-- EXTRACTED RECORDS follows --

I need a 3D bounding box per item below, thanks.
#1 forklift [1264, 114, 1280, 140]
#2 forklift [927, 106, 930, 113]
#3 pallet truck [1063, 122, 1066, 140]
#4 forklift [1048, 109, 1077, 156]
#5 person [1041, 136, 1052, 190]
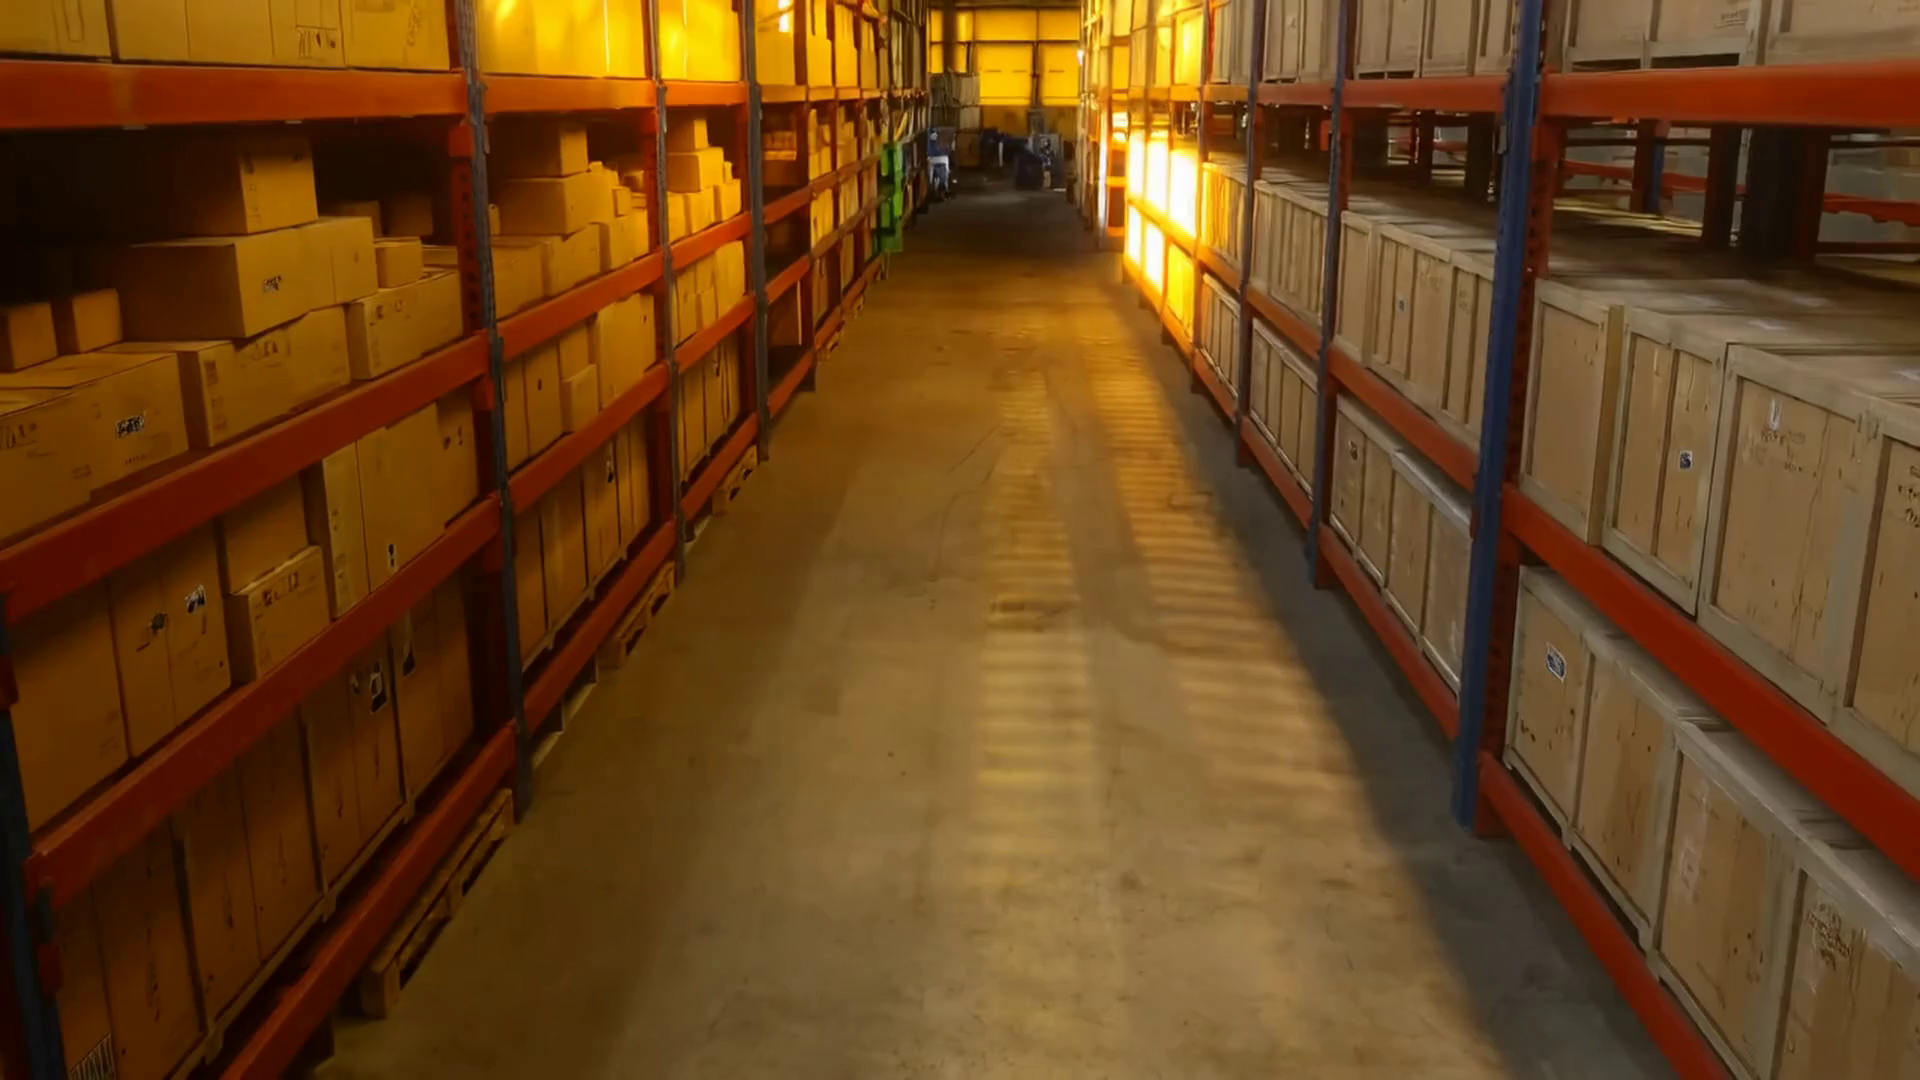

-- EXTRACTED RECORDS concluded --

## EXERCISE OBJECTIVE
Beginning with the line containing "#2 forklift [927, 106, 930, 113]" and ending with the last line of the data, output those lines exactly and nothing more. Omit every picture.

## SOLVED EXERCISE
#2 forklift [927, 106, 930, 113]
#3 pallet truck [1063, 122, 1066, 140]
#4 forklift [1048, 109, 1077, 156]
#5 person [1041, 136, 1052, 190]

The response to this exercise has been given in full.